Tutorials

Following the instructions on the ‘Getting started’ section gives access to two tutorials, on which some notes are presented here:

  1. Entity-relation model shows how to generate metadata file.

  2. Data transformation shows how to populate a datapackage.

Entity-relation model

The Python script ermodel.py executes three functions: describe(), validate() and plot(). All functions have optional parameters, and are set to write logs which can be inspected for errors, warnings and general information.

Initially the tutorial has a data/ folder with files that illustrate four tabletypes, and a minimal metadata file (which is identical to backup.dataio.yaml). The files names and header names follow the conventions required by the describe() function to infer table type constraints, including foreign key relations.

Executing describe() edits the metadata file. In particular, now there is a tables field (see Syntax section) which describes the various tables in the datapackage.

Executing validate() creates a validate yaml file, which can be inspected to identify errors in the content of the tables and was created by frictionless. The log was created by dataio and can also be inspected for errors concerning the metadata file itself, not the tables.

Executing plot() creates a plot of the entity-relation model. There are several output options, the default is a .png file.

Data transformation

The Python script task.py executes two functions which were not explored in the previous tutorial: load() and save(), and repeats validation and plotting.

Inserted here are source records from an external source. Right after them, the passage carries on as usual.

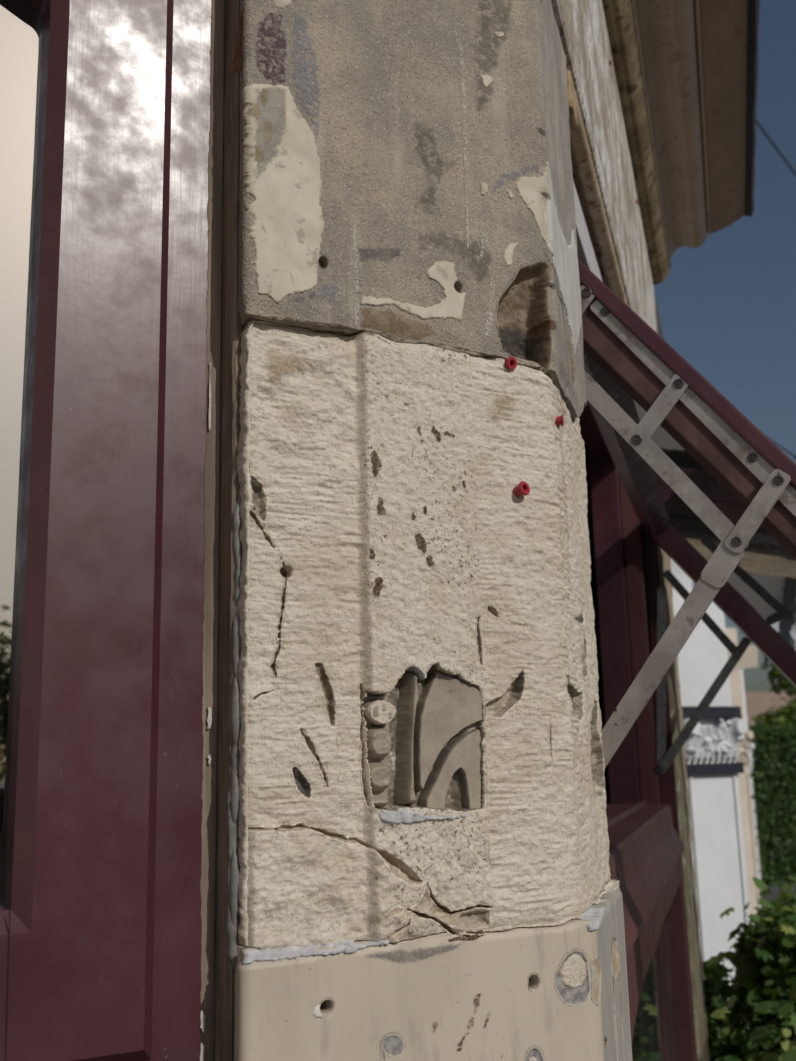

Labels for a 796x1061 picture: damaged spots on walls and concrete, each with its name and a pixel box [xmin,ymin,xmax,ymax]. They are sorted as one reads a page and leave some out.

water stain [474,0,511,110]
peeling [360,261,466,321]
spalling [495,242,554,374]
crack [247,503,289,702]
spalling [566,610,605,799]
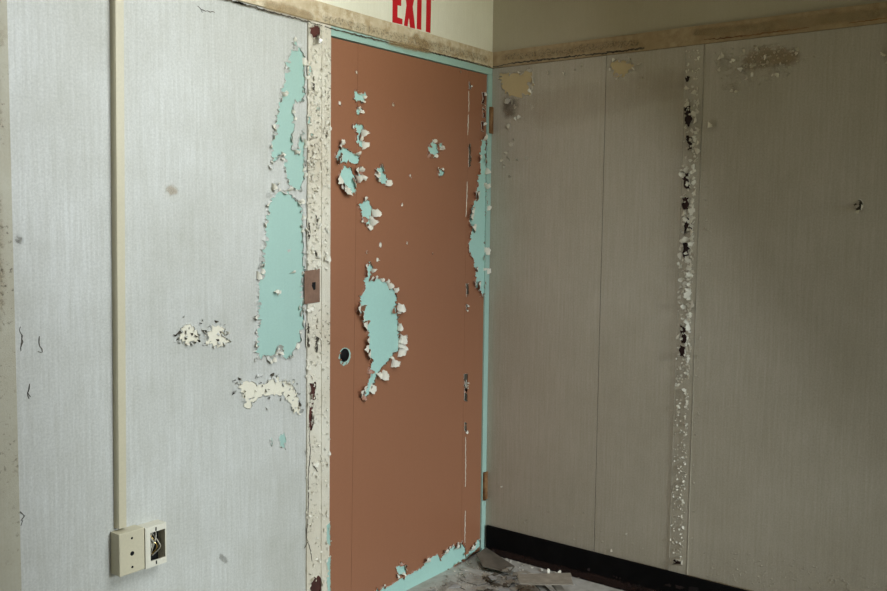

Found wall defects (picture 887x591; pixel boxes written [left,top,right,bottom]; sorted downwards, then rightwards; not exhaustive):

peeling [498,67,535,130]
peeling [467,134,492,297]
peeling [173,316,232,349]
peeling [232,24,393,591]
peeling [356,242,408,402]
peeling [670,50,712,565]
peeling [373,538,481,591]
peeling [491,548,656,591]
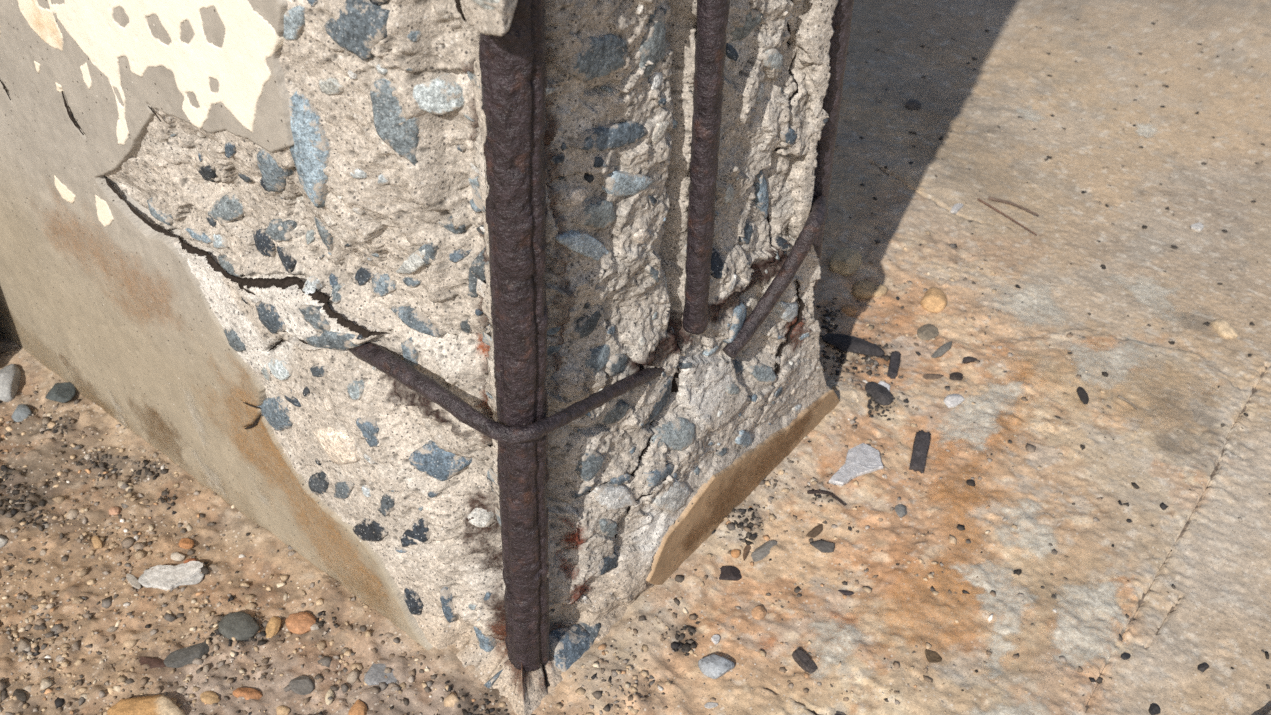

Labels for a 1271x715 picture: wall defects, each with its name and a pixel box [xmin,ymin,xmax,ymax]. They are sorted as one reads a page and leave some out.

corrosion [543,104,562,234]
crack [105,178,387,338]
corrosion [708,242,789,324]
crack [268,339,311,352]
spalling [17,0,854,715]
corrosion [626,312,693,373]
corrosion [786,318,808,350]
corrosion [387,375,455,431]
peeling [829,443,883,486]
corrosion [462,494,502,569]
corrosion [560,528,585,573]
corrosion [491,594,507,654]

The first action of the script is loading the metadata of the output datapackage as load(..., include_tables=False). This metadata file was created beforehand, and references an external datapackage stored in folder lookup/.

The second action is to extract information from the metadata and import the external datapackage lookup using load(..., include_tables=True). This datapackage is a stand-in for any data that are required to perform the task. This datapackage illustrates non-standard delimiters and quotation characters.

The third action is to populate the tables of the datapackage. The specifics are purely illustrative, what matters for the tutorial is that the tables are filled in.

The fourth action is to save the datapackage. Notice that while in all other functions so far the path argument was ‘full_path’ now there is only an optional argument ‘root_path’, since all other paths are already specified in the metadata.

The script concludes with validation and plotting. There should be no errors in the default setting. However, feel free to edit the metadata and tables in the third action (i.e., before saving) and repeat the last steps.